= Jeff Hamburg =

American composer (born 1956)

Jeff Hamburg (born 1956) is an American composer.

Hamburg was born in Philadelphia and graduated from Cherry Hill High School East in 1975. He then studied acoustics and composition at the University of Illinois and moved to the Netherlands in 1978 to continue his studies at the Royal Conservatory of The Hague with Louis Andriessen. In 1986, he received the Conservatory Prize. He further studied French Horn at the Royal Conservatory and later conducted classes with David Porcelijn at the Conservatory of Utrecht.

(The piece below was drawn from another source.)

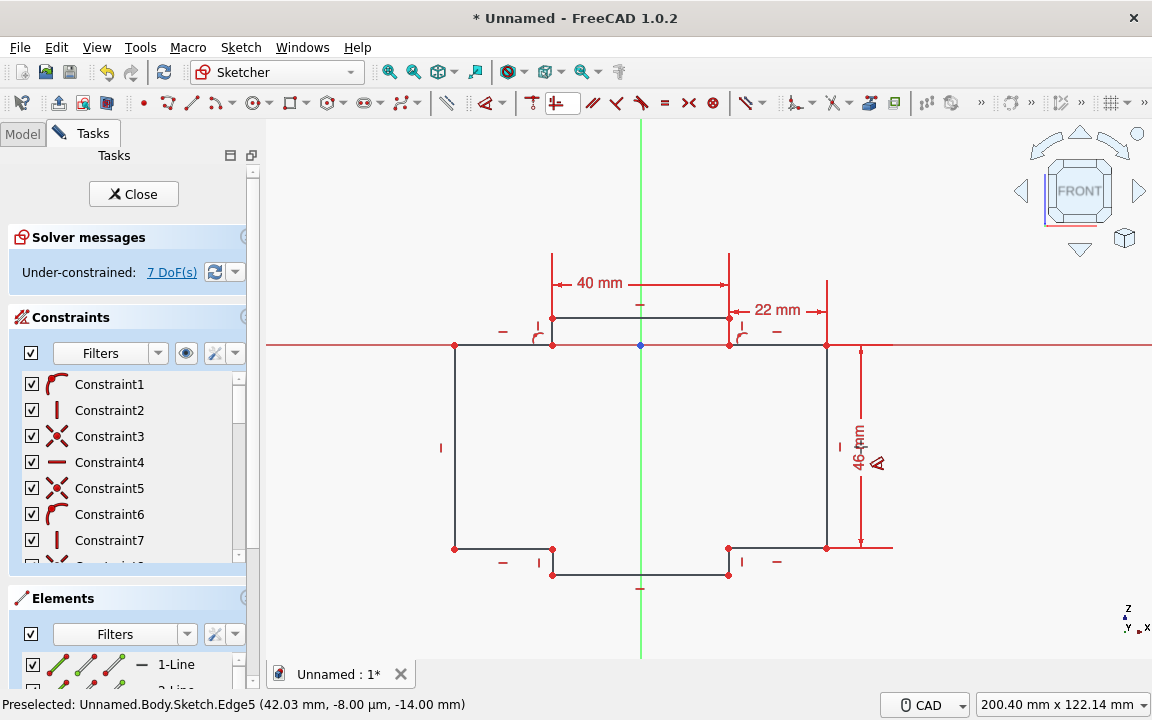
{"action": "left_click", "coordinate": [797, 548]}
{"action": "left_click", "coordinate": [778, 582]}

In 2002, Hamburg received the Visser-Neerlandia Music Prize for the outstanding quality of his oeuvre. From 2008 to 2015, Hamburg was chairman of the board of Geneco, the Dutch composer's guild.

His translation of The Apollonian Clockwork: On Stravinsky by Elmer Schönberger and Louis Andriessen is published by Oxford University Press.

Together with flutist Eleonore Pameijer, Hamburg started the Dutch cd label FutureClassics.

==Selected works==
Orchestral
- 2009 Podolian Dances – string orchestra
- 2007 Hear O Heavens – Give Ear, O Earth – symphony orchestra
- 2007 The Wild Waters that Roar – symphony orchestra
- 2004 Ruach – Concerto for Oboe and Orchestra
- 2003 Kumi, Ori – tenor and orchestra
- 2001 Aychah – choir and orchestra
- 2001 Zachor – symphony orchestra
- 2000 Concerto for flute and orchestra
- 1998 Klezmania – chamber orchestra
- 1996 A Prayer and a Dance – string orchestra
- 1994 Zey... (Yiddish) – soprano and orchestra
- 1988 Concertino – alto saxophone and orchestra
- 1982 Symphony in Es (rev. 1994) – symphony orchestra
- 1981 Towers and Bridges – flutes, copper and double bass

Chamber music
- 2008 Sparkle – bassoon solo
- 2007 Jubel – oboe, harp
- 2007 Kaddish – baritone, oboe, cello, harp
- 2006 Danse Africaine – choir a capella
- 2005 Song of Songs (Hebrew) – tenor and flute
- 2002 String Quartet Nr 2 "Hashkivenu" – string quartet
- 2002 Three Jewish Songs – soprano, oboe, violin, cello, accordion, percussion
- 1999 Jerusalem (German, Hebrew, Dutch) – soprano, oboe, violin, viola, cello
- 1999 Uncle Mendel's Ukrainian Blues (Yiddish) – piano w/song
- 1996 Wine, Love and Death (Hebrew text) – soprano, cello, accordion
- 1994 The Golem – big band
- 1991 Roses have thorns (W. Shakespeare) – choir
- 1989 Two songs from "Dance of Death" (A. Strindberg) – soprano, baritone, cello and piano
- 1987 Ma sh'mecha – choir

Vocal works
- 2009 Biografiye – mezzo-soprano, clarinet, violin, viola, cello
- 2009 Finf Yiddish Lieder – mezzo-soprano and harp
- 2007 Kaddish – baritone, oboe, cello, harp
- 2006 Danse Africaine – Four Langston Hughes Songs – choir a capella
- 1984 Dibboek Suite – choir a capella

Music theatre
- 2005 Hooglied (Song of Songs)
- 2005 Thomas (based on a book by Guus Kuijer)
- 1998 Een Golem
- 1992 Joshe Kalb (J. Singer)
- 1992 Esther (English and Hebrew)
- 1990 De jongen die op reis ging om het griezelen te leren (text by Carel Alphenaar)
- 1984 Dibboek (Judith Herzberg)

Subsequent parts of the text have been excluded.